So you know if you're trying to come up with a counter example to some inequality or whatever you know writing code is is a very natural thing to do. If you're trying to come up with a counter example to a conjecture about the intermediate jacobian of a cubicfold probably there isn't really any code you can write that will help you.

That's interesting. That said, I also think probably people are just misreporting the amount the models are helping them. You know, you have a new tool. It's a lot of fun to use.

But you know, I think a lot of people are talking about accelerating science. I'm not necessarily skeptical that that's going to happen in some sense, but I think they're talking about it without trying to rigorously run tests as to how much the tools are accelerating things.

I'm very happy to believe that some frictions are being removed but there are also a lot of bottlenecks in research that I think the models just don't touch and you know so are you really accelerating if you uh you know have removed a bottleneck to you know opening a paper and and finding lema 3.7 but not to you know having a good idea.

Yeah. This is why we're glad to have you tell us what's right and what's wrong.

Yeah. One thing I find interesting about that is like um the typical way I would characterize differences in capabilities or the spikiness of AI capabilities across domains is through something like Morovx paradox. But then it seems like for things within math like we also get this kind of spikiness within math and I'm I guess we were kind of alluding to some of this coming from what training data there is.

Some of it is coming from like you know what is more amanable to AI. Do you think like that's like explaining most of it?

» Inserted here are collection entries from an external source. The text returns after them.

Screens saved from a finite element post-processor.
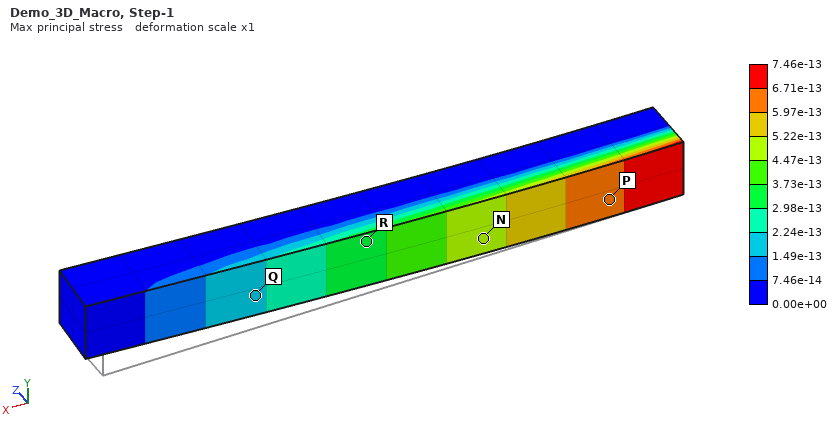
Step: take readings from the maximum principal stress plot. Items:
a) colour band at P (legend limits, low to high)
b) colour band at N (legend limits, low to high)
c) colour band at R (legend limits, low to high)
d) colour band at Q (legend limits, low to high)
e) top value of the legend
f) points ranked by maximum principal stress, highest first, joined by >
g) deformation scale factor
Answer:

You think there's anything else like or how we would characterize like the relative importance of these factors?

Yeah, I mean what I what I do think is like doing research math is a it's a skill that it's a little different from context math and that it's a very high dimensional skill. So it's not you know there's not some more or less finite set of known techniques that are useful.

I mean okay sometimes context math requires a little bit more creativity but okay to be honest the models have not really succeeded solving problems where I think one sure can argue that that that's required.

So yeah I think you know a lot of the jaggedness we see in math I think is just the same jaggedness we see everywhere. I don't think there's anything special like in my view the the biggest obstacle to uh the models like autonomously doing high quality math research is just the same as the biggest model to automating anything which is like they can't do sort of long context tasks you know something that would take a a human in six months.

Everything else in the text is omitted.